= Try it =
Transcribe the stretch of entries below from the line with "2. rack shelf <box>873,457,1048,527</box>" through the line with "7. pillar with roof beam <box>417,0,471,357</box>", exactly and with both ends included; leave out all other lines.

= Data supplied =
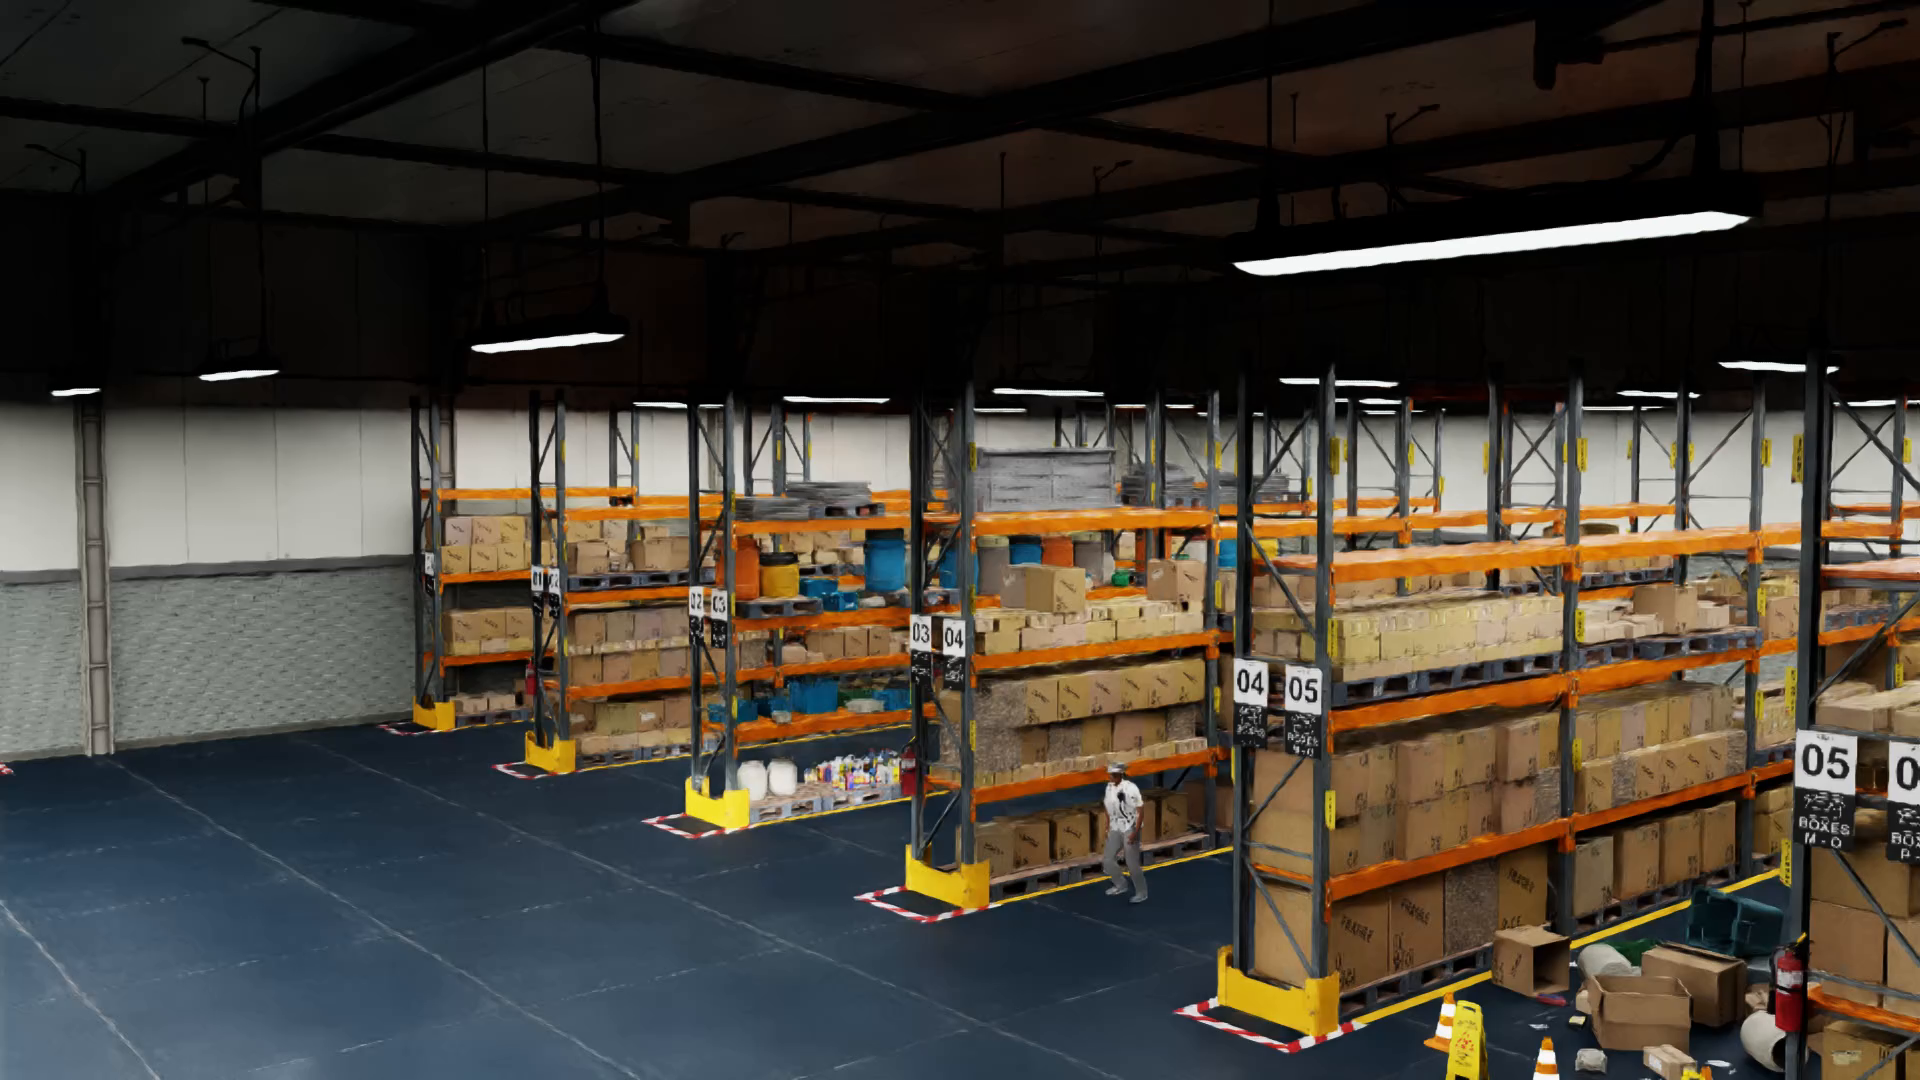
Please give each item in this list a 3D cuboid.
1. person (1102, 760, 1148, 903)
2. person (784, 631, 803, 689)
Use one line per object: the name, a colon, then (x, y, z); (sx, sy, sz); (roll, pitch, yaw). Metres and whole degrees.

--

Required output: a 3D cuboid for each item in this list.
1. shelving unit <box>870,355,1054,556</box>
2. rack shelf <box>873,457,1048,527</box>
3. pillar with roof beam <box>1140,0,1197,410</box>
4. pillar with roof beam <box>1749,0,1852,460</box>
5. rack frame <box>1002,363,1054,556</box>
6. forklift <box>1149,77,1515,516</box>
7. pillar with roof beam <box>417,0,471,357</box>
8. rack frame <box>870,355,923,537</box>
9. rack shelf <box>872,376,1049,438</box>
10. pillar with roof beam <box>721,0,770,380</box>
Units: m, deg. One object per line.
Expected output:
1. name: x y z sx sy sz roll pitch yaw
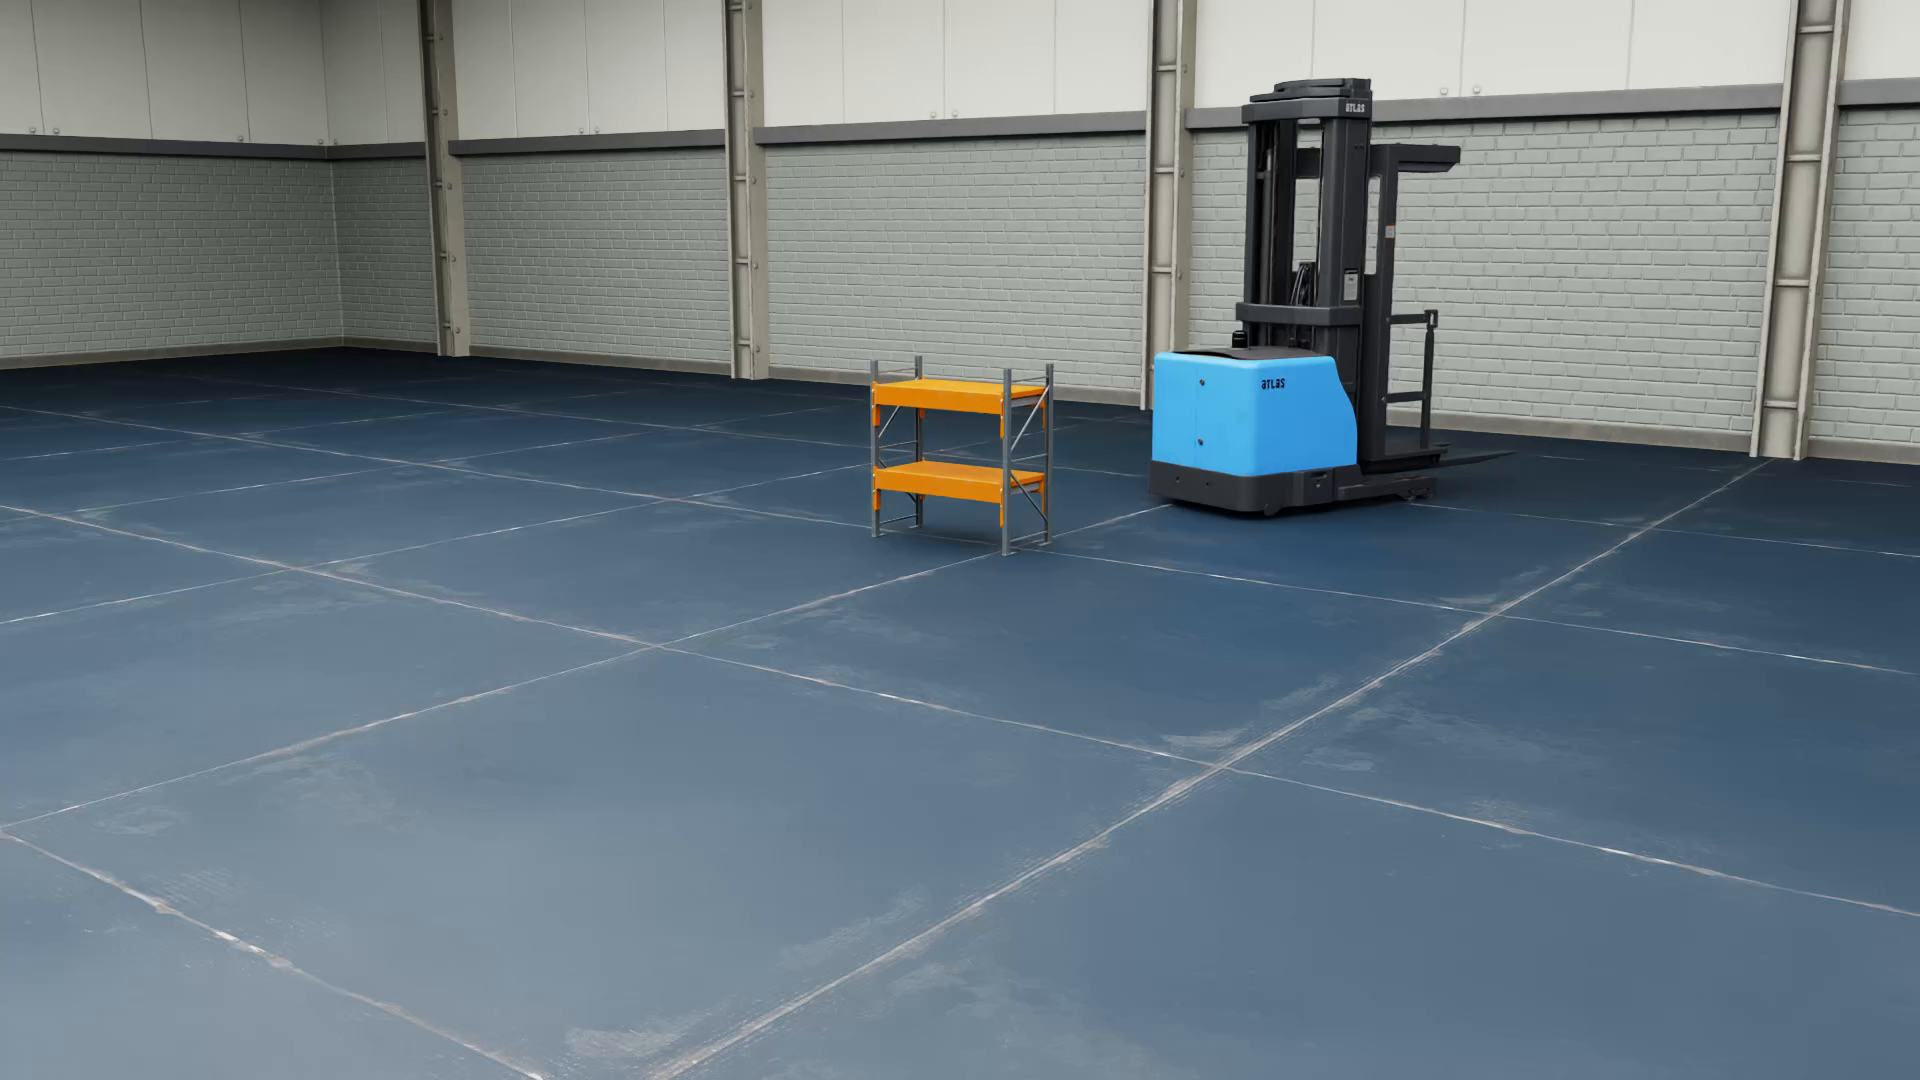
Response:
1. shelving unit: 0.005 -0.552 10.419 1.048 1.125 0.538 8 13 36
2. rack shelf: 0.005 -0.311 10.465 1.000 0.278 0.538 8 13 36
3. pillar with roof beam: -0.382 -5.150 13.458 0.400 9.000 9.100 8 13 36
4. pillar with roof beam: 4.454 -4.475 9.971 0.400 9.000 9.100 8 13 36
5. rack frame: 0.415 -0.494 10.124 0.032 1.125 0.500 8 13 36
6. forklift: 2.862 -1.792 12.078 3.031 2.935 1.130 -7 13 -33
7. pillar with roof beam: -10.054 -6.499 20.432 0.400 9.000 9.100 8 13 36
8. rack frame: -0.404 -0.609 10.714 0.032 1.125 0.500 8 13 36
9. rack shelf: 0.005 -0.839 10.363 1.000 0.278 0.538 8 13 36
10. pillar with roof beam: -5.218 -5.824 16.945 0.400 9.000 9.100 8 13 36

--

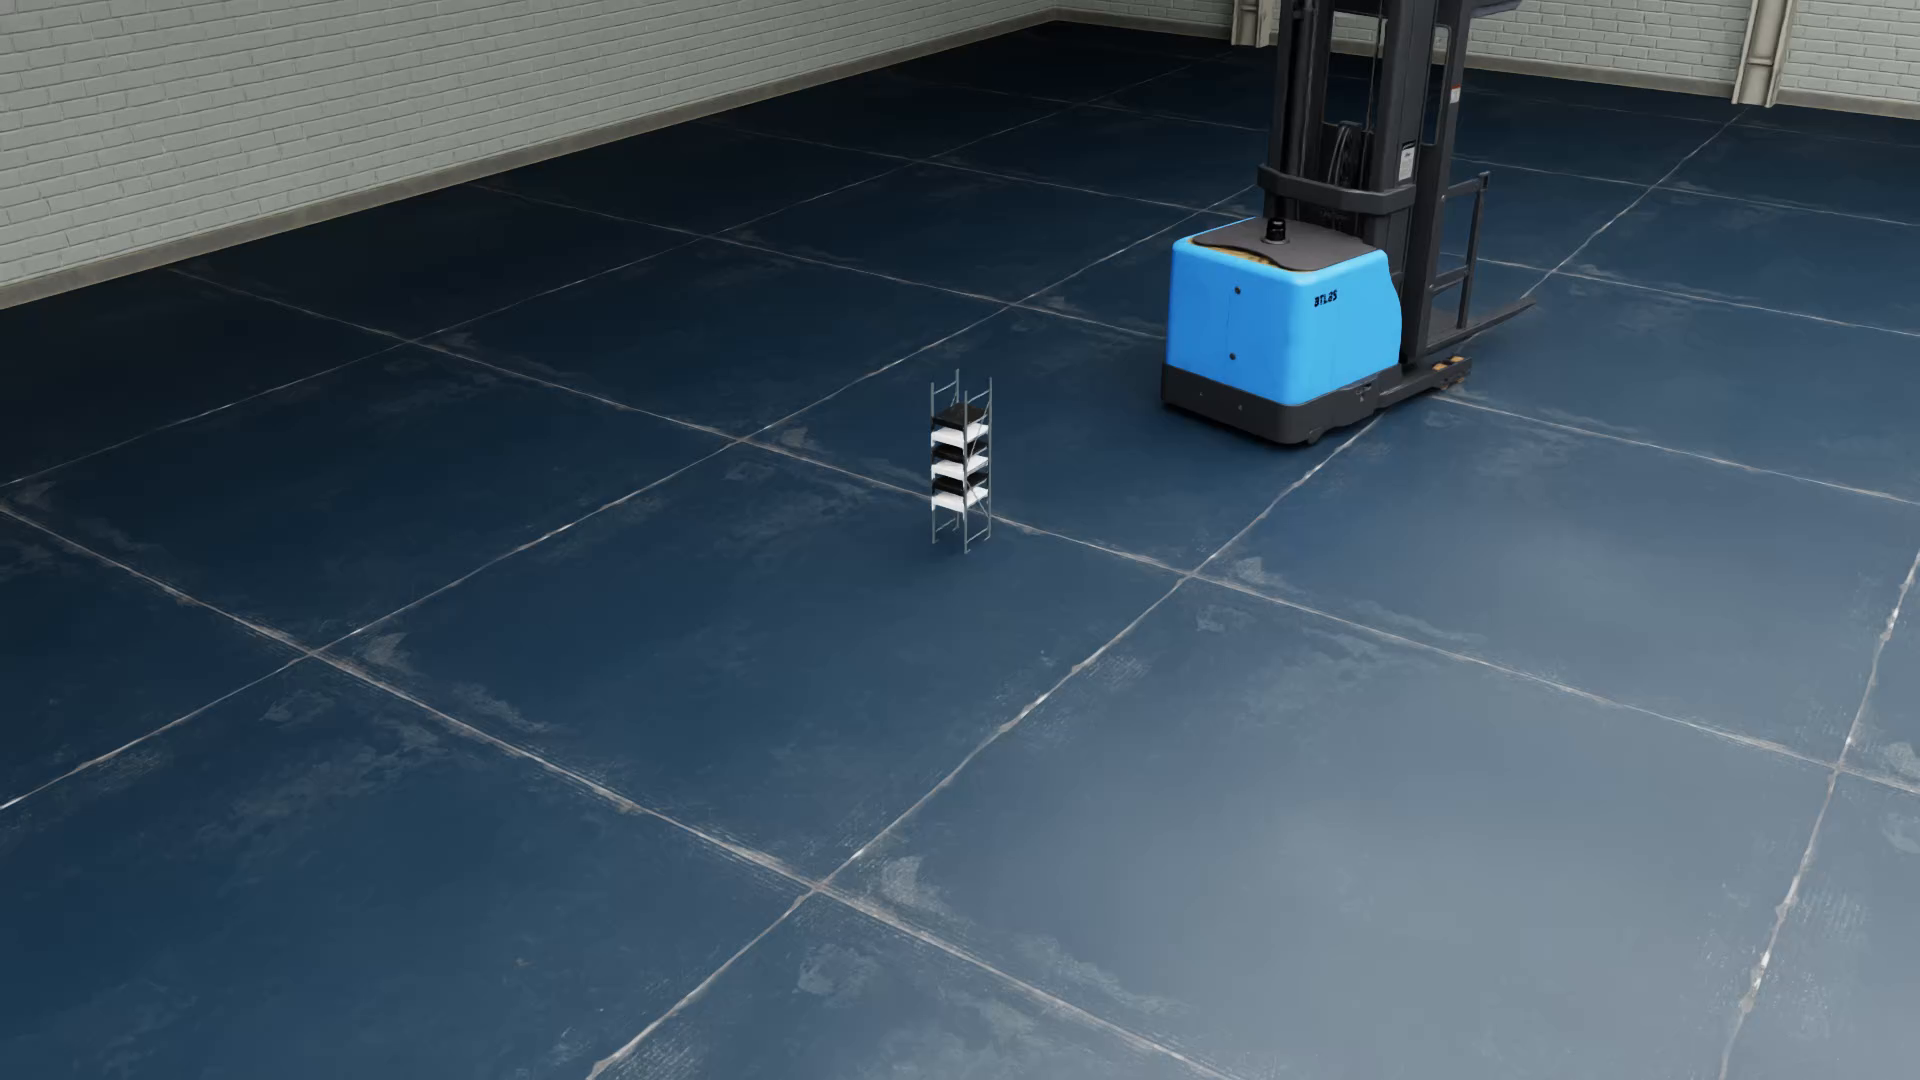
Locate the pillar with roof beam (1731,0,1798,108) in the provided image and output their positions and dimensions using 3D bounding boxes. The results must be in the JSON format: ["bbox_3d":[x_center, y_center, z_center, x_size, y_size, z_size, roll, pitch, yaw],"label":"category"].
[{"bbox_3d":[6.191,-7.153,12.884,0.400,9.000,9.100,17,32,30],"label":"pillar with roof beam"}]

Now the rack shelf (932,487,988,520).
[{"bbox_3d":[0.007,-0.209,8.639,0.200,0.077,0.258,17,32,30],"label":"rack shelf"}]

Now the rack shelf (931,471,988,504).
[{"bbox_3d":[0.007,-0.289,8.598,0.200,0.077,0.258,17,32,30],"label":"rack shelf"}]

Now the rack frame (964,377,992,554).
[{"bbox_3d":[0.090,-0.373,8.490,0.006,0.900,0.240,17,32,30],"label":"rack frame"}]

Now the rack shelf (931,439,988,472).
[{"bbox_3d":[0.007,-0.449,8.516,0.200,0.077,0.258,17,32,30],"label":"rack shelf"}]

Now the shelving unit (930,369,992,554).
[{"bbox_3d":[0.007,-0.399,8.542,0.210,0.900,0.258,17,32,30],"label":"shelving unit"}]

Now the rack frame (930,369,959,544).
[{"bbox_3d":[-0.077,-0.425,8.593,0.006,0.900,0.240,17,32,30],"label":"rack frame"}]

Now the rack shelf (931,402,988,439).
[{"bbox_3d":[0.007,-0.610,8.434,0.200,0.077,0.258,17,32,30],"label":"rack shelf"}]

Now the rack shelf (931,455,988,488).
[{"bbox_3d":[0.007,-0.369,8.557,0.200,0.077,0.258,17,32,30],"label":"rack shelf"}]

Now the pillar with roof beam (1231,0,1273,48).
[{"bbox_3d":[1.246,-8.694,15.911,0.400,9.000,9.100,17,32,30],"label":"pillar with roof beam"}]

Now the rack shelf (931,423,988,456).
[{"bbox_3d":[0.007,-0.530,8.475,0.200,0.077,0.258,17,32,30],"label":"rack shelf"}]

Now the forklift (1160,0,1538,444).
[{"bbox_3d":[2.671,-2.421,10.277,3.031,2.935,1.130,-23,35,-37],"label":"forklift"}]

= Exercise solution =
2. rack shelf <box>873,457,1048,527</box>
3. pillar with roof beam <box>1140,0,1197,410</box>
4. pillar with roof beam <box>1749,0,1852,460</box>
5. rack frame <box>1002,363,1054,556</box>
6. forklift <box>1149,77,1515,516</box>
7. pillar with roof beam <box>417,0,471,357</box>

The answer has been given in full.